Estabamos deseando que llegarán los veraneantes, los de los chalets, los nietos del pueblo que vivían en Zaragoza, o mas lejos…

El verano se pasaba buscando la sombra fuera de casa, recorriendo las cuevas cerca del río, bajando al puente de tabla y al molino, sin atrevernos a entrar porque alguien había visto una culebra; yendo en bicicleta por los alrededores, jugando a las canicas, a la comba, a la goma, a ministros contra ladrones donde el límite era el pueblo, al diez por diez en el frontón, a las raquetas, a la pelota, aunque se hincharan las manos y nos las tuvieran que pisar para que no doliera.

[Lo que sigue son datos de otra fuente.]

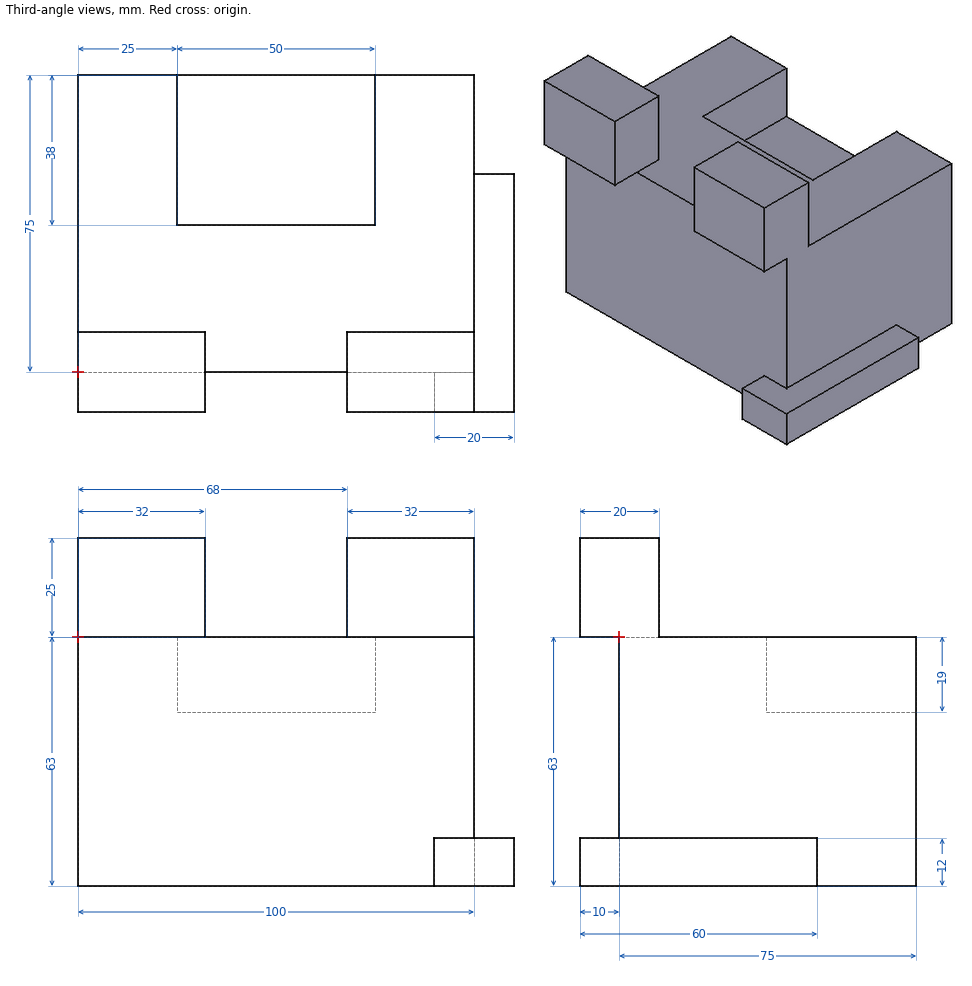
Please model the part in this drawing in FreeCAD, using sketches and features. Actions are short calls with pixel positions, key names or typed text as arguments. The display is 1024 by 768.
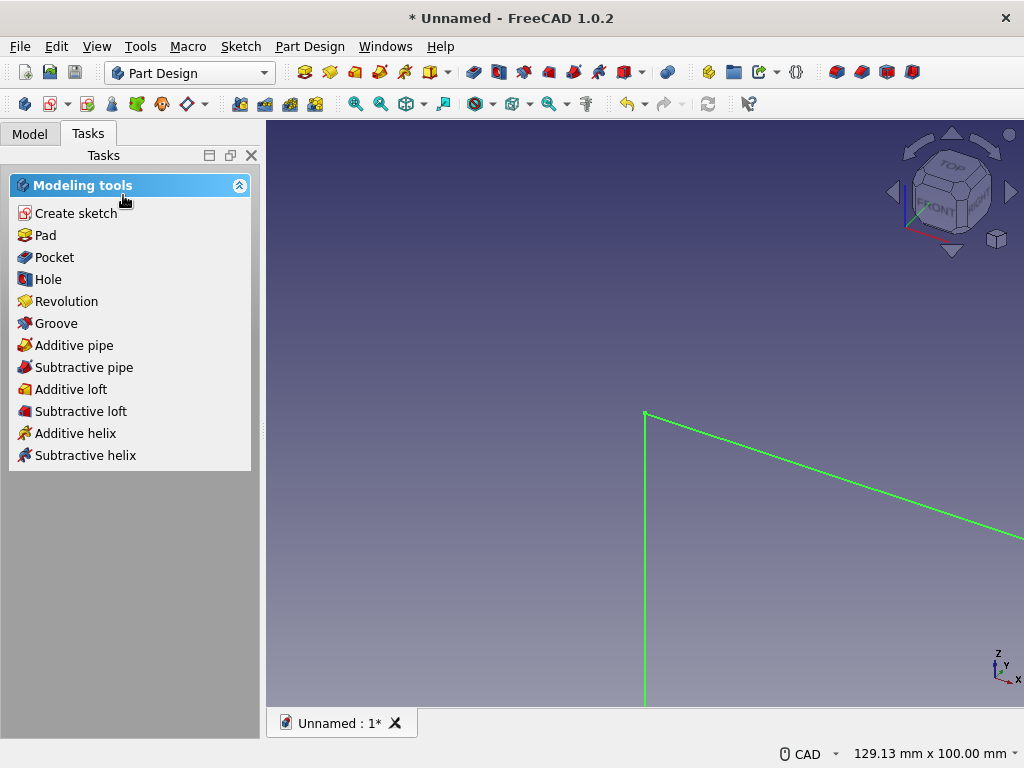
click(305, 72)

Esperando oír la música en la tele del casino de las series que nos gustaban, «El hombre invisible» y tantas otras, para ir a casa corriendo a verlas. O la melodía del informativo, hora de volver a casa a cenar. También era una buena señal ver al aguacil yendo a encender el alumbrado público a la caja que había muy alta junto al frontón.

Y esos ratos perdidos en la ventana de casa de la Sara, de charla de nuestras cosas. O sentados en el banco del frontón, subiendo a por chuches al casino esperando a que les dejaran salir a: Juan Pedro, Puri, Ana y Lin…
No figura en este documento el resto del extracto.